I grew up with the sense that love hurt. Unless my heart was wrung with anxiety and even a bit of fear, whatever I was feeling was not, I believed, love. My comfort zone included a dynamic in which I had to earn the love of my partner through excellence: being the best cook, lover, housekeeper (that one was really tough for me because I hate housework), most obedient and even anticipating the desires/needs of my partner and spoiling him. It means keeping my kids quiet and out of the way unless they were on their best behaviour, and demanding nothing in return…fidelity and love would be my reward if I was good enough.

Of course, this failed. And my failure generated a lot of fights because I perceived this as my partner’s expectations, and that they were unreasonable (then I married a malignant narcissist and those actually were his expectations and they were still unreasonable.) We would fight because I was stressed by the unreasonable expectations and my partner’s failure to live up to his end of my one-way unspoken bargain: to be faithful and to love me in a way I could feel loved. Because throughout all of this, despite having set up a paradigm in which I was supposed to be able to finally earn my partner’s love and then actually feel loved, it never happened. And no wonder, since I was going about it all wrong…

It took a long time and a lot of therapy to realize that, until I loved me…flaws and all…that I could not feel love from another person. And that was key…it didn’t matter if another person loved me or not because I was in a situation in which I could not feel loved, and what I identified as what I needed in order to feel loved was way off base. I was working against myself…no matter what I tried, I did not ever make the effort to love myself as I was because it actually never occurred to me. I thought that would come when someone else loved me and I felt loved…I needed outside validation—the love of another person—before I could allow myself to love me.

One of my biggest epiphanies came when I realized that without respect there is no love. A person who does not respect you and your very humanness does not love you. Oh, s/he may be obsessed with you, but without respect, there is no love. We mistake many things for love: obsession, passion, need, even fear…but the single most important component of love is respect for it is from respect that compassion and empathy grow, and without those, love is simply not possible.

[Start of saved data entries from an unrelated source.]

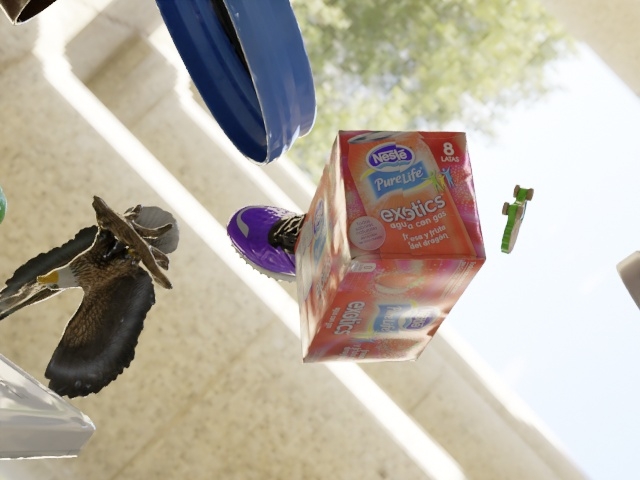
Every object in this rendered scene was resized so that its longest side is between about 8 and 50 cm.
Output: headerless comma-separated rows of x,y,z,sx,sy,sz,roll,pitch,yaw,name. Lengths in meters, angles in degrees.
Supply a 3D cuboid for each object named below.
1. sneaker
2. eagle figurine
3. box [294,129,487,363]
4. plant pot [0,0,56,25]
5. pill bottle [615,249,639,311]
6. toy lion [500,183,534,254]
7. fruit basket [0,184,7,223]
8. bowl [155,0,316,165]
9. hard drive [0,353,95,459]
0.001,0.000,1.721,0.102,0.293,0.146,-51,154,-29,sneaker
-0.366,0.069,2.039,0.298,0.225,0.226,-52,-150,34,eagle figurine
0.065,0.015,1.418,0.142,0.154,0.300,0,154,-11,box
-0.327,-0.387,1.386,0.215,0.230,0.215,-41,-171,8,plant pot
0.486,0.006,1.464,0.278,0.162,0.162,-34,-176,16,pill bottle
0.315,-0.029,2.111,0.100,0.034,0.096,-51,150,-51,toy lion
-0.603,-0.050,1.662,0.392,0.283,0.392,-27,159,-11,fruit basket
-0.120,-0.279,1.545,0.077,0.391,0.391,-26,178,-12,bowl
-0.345,0.104,1.086,0.047,0.233,0.353,-56,167,-3,hard drive
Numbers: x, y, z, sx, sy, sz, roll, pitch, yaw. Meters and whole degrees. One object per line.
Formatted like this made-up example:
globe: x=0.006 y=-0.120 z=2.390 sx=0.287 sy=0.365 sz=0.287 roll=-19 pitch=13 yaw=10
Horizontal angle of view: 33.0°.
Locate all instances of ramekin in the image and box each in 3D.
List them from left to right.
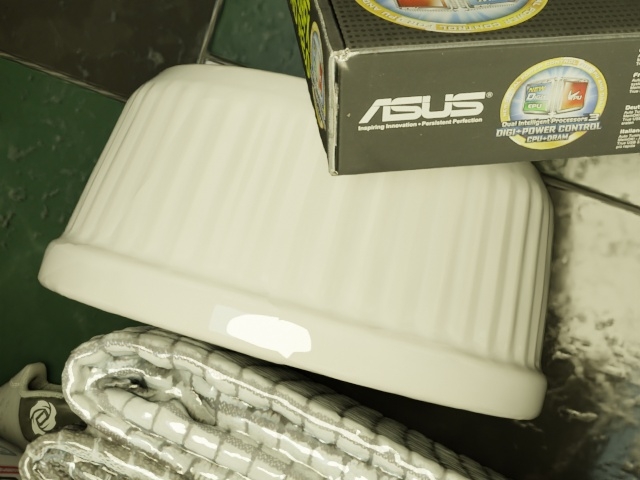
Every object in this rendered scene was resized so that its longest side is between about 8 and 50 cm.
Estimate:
ramekin: x=0.000 y=0.000 z=0.581 sx=0.273 sy=0.273 sz=0.127 roll=15 pitch=86 yaw=14

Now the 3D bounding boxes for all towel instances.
towel: x=0.002 y=0.149 z=0.584 sx=0.284 sy=0.235 sz=0.121 roll=25 pitch=86 yaw=6

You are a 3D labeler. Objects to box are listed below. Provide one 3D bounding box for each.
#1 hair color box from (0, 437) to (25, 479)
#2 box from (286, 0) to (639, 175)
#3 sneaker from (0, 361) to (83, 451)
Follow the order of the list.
hair color box: x=-0.311 y=0.113 z=0.591 sx=0.375 sy=0.185 sz=0.113 roll=24 pitch=83 yaw=16
box: x=0.120 y=-0.125 z=0.499 sx=0.270 sy=0.216 sz=0.060 roll=-4 pitch=130 yaw=-6
sneaker: x=-0.149 y=0.178 z=0.723 sx=0.132 sy=0.086 sz=0.228 roll=-44 pitch=81 yaw=12
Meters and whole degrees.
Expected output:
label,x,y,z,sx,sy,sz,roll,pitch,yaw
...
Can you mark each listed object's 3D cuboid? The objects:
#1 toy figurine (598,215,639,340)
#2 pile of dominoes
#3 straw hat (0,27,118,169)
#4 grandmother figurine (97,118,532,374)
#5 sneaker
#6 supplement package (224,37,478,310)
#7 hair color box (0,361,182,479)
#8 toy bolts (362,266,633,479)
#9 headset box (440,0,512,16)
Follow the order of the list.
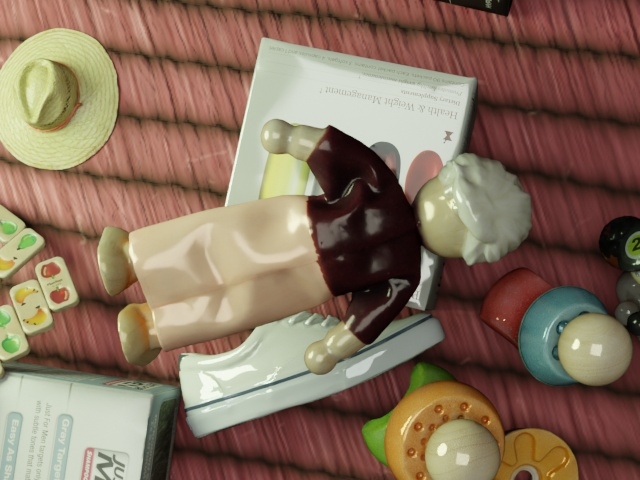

We know what it feels like to feel unloved and some of us, simplistically, believe that whatever makes us feel unloved, the opposite will make us feel loved. For the most part, this is incorrect. This is like thinking that if we do the opposite of what our narcissistic parents did, we will be good parents and loved by our children: nope…extremes don’t work whether it is the extreme of non-nurturing narcissistic parenting or its opposite number of smothering and indulging a child’s every whim. And it doesn’t work for love, either, especially when you consider that, growing up conditioned to feel “normal” in being disrespected and unloved, the opposite might feel cloying and even mocking. Why? Because, simply, we don’t know how to handle it and we aren’t very experienced at accepting true expressions of love. We may even be suspicious of someone who treats us with the respect and kindness every human being deserves because we did nothing to earn it.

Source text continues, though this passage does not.